Main objectives of this project:

-          Collate current opinions on what qualifies a (partial) chemical structure as a monomer

-          Implement rules for fragmenting the chemical graph of a biomolecule into monomers

-          Attempt to detect the chemical context of all fragments and generate additional data for each monomer accordingly

-          Define and implement guidelines/best practices for normalization of a monomer dictionary

-          Produce a valid HELM notation from input biomolecules in the context of the generated monomer dictionary

-          Automate the entire process of establishing the initial monomer dictionary and file format conversion as much as possible

 

Canonicalization


Specific purposes, e.g registration of biomolecules, require the ability to identify and filter for distinct biomolecules to create a database without redundancies. Typically a single biomolecule can be expressed with more than just one HELM representation. Based on the principles HELM applies to represent a biomolecule, the challenge of generating a canonical representation can be broken down into three main objectives:

-          Canonicalization of the HELM notation: In the context of a given monomer dictionary, a unique HELM notation string must be generated.

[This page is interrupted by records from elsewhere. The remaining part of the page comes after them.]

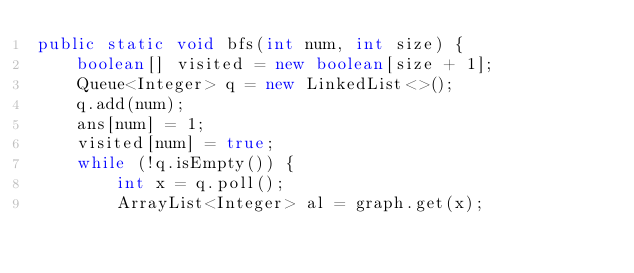Convert code to text. <code><loc_0><loc_0><loc_500><loc_500><_Java_>public static void bfs(int num, int size) {
    boolean[] visited = new boolean[size + 1];
    Queue<Integer> q = new LinkedList<>();
    q.add(num);
    ans[num] = 1;
    visited[num] = true;
    while (!q.isEmpty()) {
        int x = q.poll();
        ArrayList<Integer> al = graph.get(x);</code> 
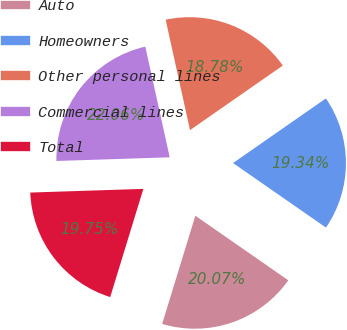Convert chart to OTSL. <chart><loc_0><loc_0><loc_500><loc_500><pie_chart><fcel>Auto<fcel>Homeowners<fcel>Other personal lines<fcel>Commercial lines<fcel>Total<nl><fcel>20.07%<fcel>19.34%<fcel>18.78%<fcel>22.06%<fcel>19.75%<nl></chart> 
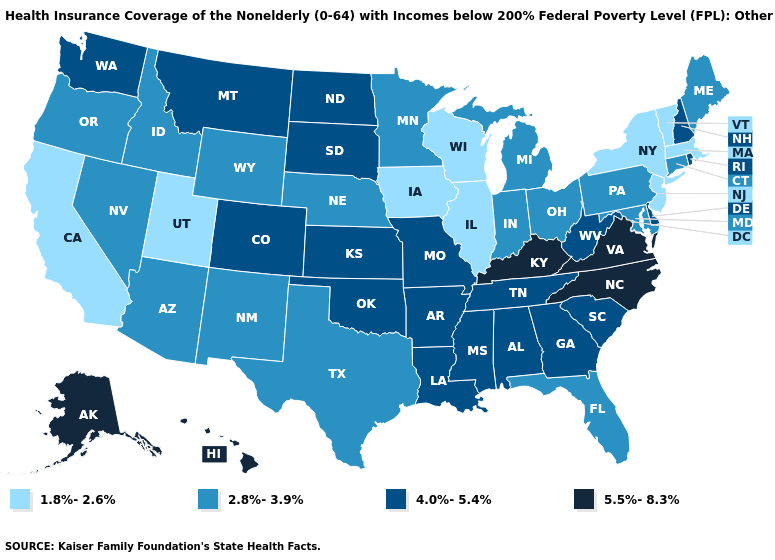Is the legend a continuous bar?
Quick response, please. No. Name the states that have a value in the range 2.8%-3.9%?
Answer briefly. Arizona, Connecticut, Florida, Idaho, Indiana, Maine, Maryland, Michigan, Minnesota, Nebraska, Nevada, New Mexico, Ohio, Oregon, Pennsylvania, Texas, Wyoming. Does Alaska have the highest value in the West?
Give a very brief answer. Yes. Name the states that have a value in the range 1.8%-2.6%?
Quick response, please. California, Illinois, Iowa, Massachusetts, New Jersey, New York, Utah, Vermont, Wisconsin. What is the highest value in the South ?
Concise answer only. 5.5%-8.3%. Name the states that have a value in the range 2.8%-3.9%?
Keep it brief. Arizona, Connecticut, Florida, Idaho, Indiana, Maine, Maryland, Michigan, Minnesota, Nebraska, Nevada, New Mexico, Ohio, Oregon, Pennsylvania, Texas, Wyoming. How many symbols are there in the legend?
Write a very short answer. 4. Among the states that border Tennessee , does Virginia have the lowest value?
Keep it brief. No. Does Wisconsin have a lower value than Utah?
Concise answer only. No. Is the legend a continuous bar?
Write a very short answer. No. Name the states that have a value in the range 2.8%-3.9%?
Write a very short answer. Arizona, Connecticut, Florida, Idaho, Indiana, Maine, Maryland, Michigan, Minnesota, Nebraska, Nevada, New Mexico, Ohio, Oregon, Pennsylvania, Texas, Wyoming. Name the states that have a value in the range 1.8%-2.6%?
Short answer required. California, Illinois, Iowa, Massachusetts, New Jersey, New York, Utah, Vermont, Wisconsin. Does New Hampshire have a lower value than Hawaii?
Write a very short answer. Yes. Does the first symbol in the legend represent the smallest category?
Concise answer only. Yes. Which states hav the highest value in the South?
Be succinct. Kentucky, North Carolina, Virginia.

-          Canonicalization of the monomer dictionary: All monomers of a given monomer dictionary must be independent monomers, i.e. satisfying that the combination of two monomers must not be present in the dictionary as a third monomer within the same context

-          Canonicalization of the chemical structures within the monomer dictionary: The chemical representation of all monomers in the monomer dictionary must be unique in their given context, i.e. alternative structural tautomers, representations of aromatic rings, ionic forms of certain functional groups and other features considered to yield chemically equivalent structures must not be kept as separate entries in the monomer dictionary.


There is some cannonicalisation functionality in the HELM toolkit, but this is limited in scope.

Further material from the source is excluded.